Why, in the rules regarding the discriminant determining whether roots are real or not, does it matter that the quadratic has real coefficients?
For the roots to be real we have$$\Delta=b^2-4ac\ge 0 \implies b^2 \ge 4ac$$
If $b$ was imaginary $b^2$ would end up being negative. If the product $4ac < b^2$ we can still have $b^2 - 4ac < 0 $. In this scenario the rules regarding the discriminant does not hold.
$\endgroup$ 71 Answer
$\begingroup$Consider the quadratic $\,az^2+bz+c\,$ with complex coefficients $\,a,b,c \in \mathbb C\,$, $\,a \ne 0\,$.
The roots are still given by the same formula as in the real case $\,z_{1,2}=\frac{-b \pm \sqrt{\Delta}}{2a}\,$ where $\,\Delta =b^2-4ac\,$ is the discriminant. In particular, $\,\Delta = 0\,$ iff the quadratic has a double root, and in that case $\,z_1=z_2=-\frac{b}{2a}\,$. This can be easily proved the same way as in the real case, for example by completing the square.
The discriminant $\,\Delta\,$ is complex in general, and complex numbers are not ordered, so $\,\Delta\,$ has no "sign" to speak of, and does not indicate the nature of the roots. Besides, unlike the real case, a quadratic with complex coefficients can have one real and one non-real complex root.
It is possible to determine the nature of the roots of a complex quadratic by reducing it to the case of two real quadratics. To simplify the calculations, let $\,z=x+iy\,$, $\,\frac{b}{a}=b'+ib''$, $\,\frac{c}{a}=c'+ic''$, then dividing the equation by $\,a \ne 0\,$ and isolating the real and imaginary parts gives:
$$ (x+iy)^2+(b'+ib'')(x+iy)+c'+ic'' = 0 $$
$$ \iff\;\;\;\; \begin{cases} \begin{align} x^2 - y^2+b'x-b''y + c' &= 0 \\ 2xy+b'y+b''x+c'' &= 0 \end{align} \end{cases} $$
For the equation to have a real root, the system must have a solution with $\,y=0\,$:
$$ \begin{cases} \begin{align} x^2 +b'x + c' &= 0 \\ b''x+c'' &= 0 \end{align} \end{cases} $$
If $\,b''=0\,$ the second equation requires $\,c''=0\,$, which is the case where $\frac{b}{a}, \frac{c}{a} \in \mathbb R$, so the original quadratic is equivalent to one with real coefficients.

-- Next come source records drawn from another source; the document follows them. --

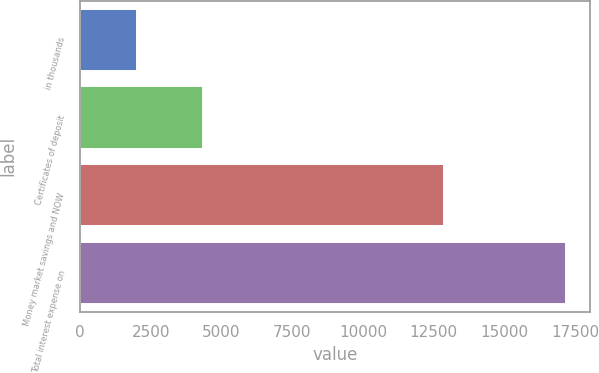<chart> <loc_0><loc_0><loc_500><loc_500><bar_chart><fcel>in thousands<fcel>Certificates of deposit<fcel>Money market savings and NOW<fcel>Total interest expense on<nl><fcel>2017<fcel>4325<fcel>12859<fcel>17184<nl></chart> 
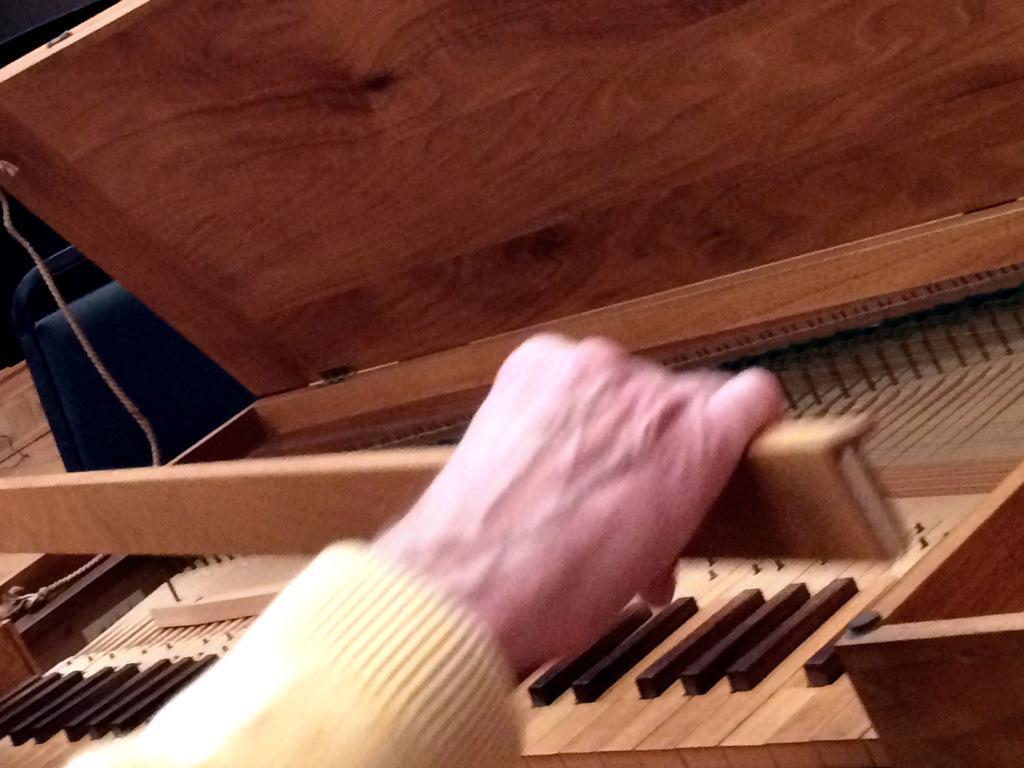Could you give a brief overview of what you see in this image? This picture shows a man holding a stick and we see a piano 
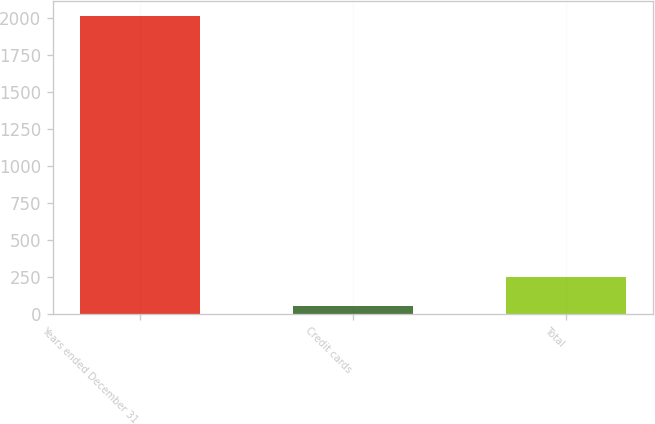Convert chart to OTSL. <chart><loc_0><loc_0><loc_500><loc_500><bar_chart><fcel>Years ended December 31<fcel>Credit cards<fcel>Total<nl><fcel>2013<fcel>56<fcel>251.7<nl></chart>

The roots will be either both complex, or both real, depending on the sign of $\,\Delta'=b'^{\,2}-4c'\,$.
If $\,b'' \ne 0\,$ then the second equation gives $\,x=-\frac{c''}{b''}\,$, and substituting back into the first equation $\,c''^{\,2}+b'b''c''+b''^{\,2}c'=0\,$, which is the condition for at least one real root.